# 4.4. Unsupervised dimensionality reduction¶

If your number of features is high, it may be useful to reduce it with an
unsupervised step prior to supervised steps. Many of the
*Unsupervised learning* methods implement a `transform` method that
can be used to reduce the dimensionality. Below we discuss two specific
example of this pattern that are heavily used.

**Pipelining**

The unsupervised data reduction and the supervised estimator can be
chained in one step. See *Pipeline: chaining estimators*.

## 4.4.1. PCA: principal component analysis¶

`decomposition.PCA` looks for a combination of features that
capture well the variance of the original features. See *Decomposing signals in components (matrix factorization problems)*.

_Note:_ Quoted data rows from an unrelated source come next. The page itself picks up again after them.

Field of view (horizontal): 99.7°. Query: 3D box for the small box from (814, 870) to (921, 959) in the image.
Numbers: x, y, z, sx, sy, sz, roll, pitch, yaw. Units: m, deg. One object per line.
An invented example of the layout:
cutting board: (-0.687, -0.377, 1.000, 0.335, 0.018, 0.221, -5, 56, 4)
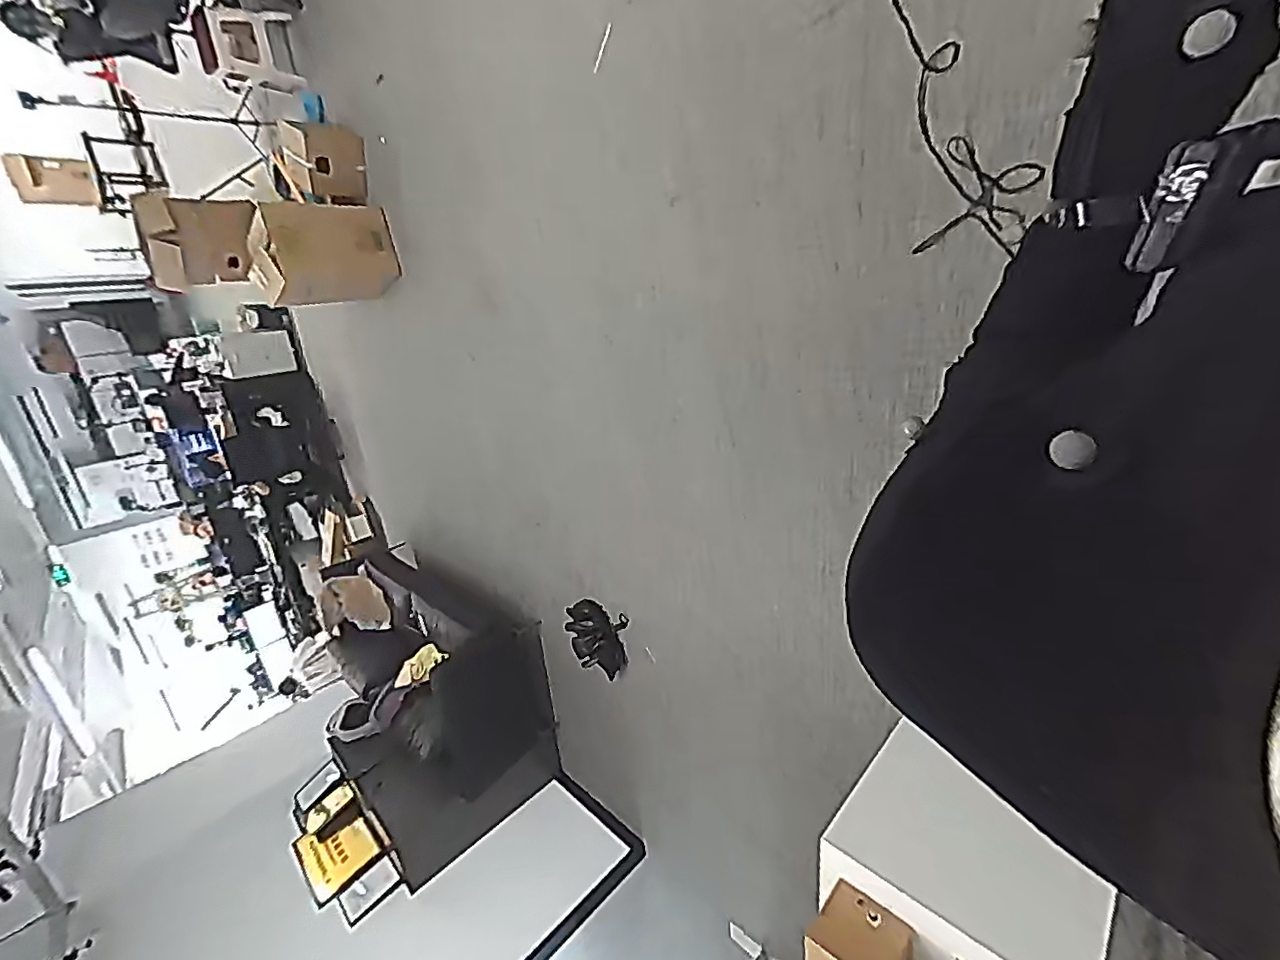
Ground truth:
small box: (0.497, 1.019, 1.180, 0.168, 0.176, 0.179, 10, 114, 45)

## 4.4.2. Random projections¶

The module: `random_projection` provides several tools for data
reduction by random projections. See the relevant section of the
documentation: *Random Projection*.

## 4.4.3. Feature agglomeration¶

`cluster.FeatureAgglomeration` applies
*Hierarchical clustering* to group together features that behave
similarly.

**Feature scaling**

Note that if features have very different scaling or statistical
properties, `cluster.FeatureAgglomeration` may not be able to
capture the links between related features. Using a
`preprocessing.StandardScaler` can be useful in these settings.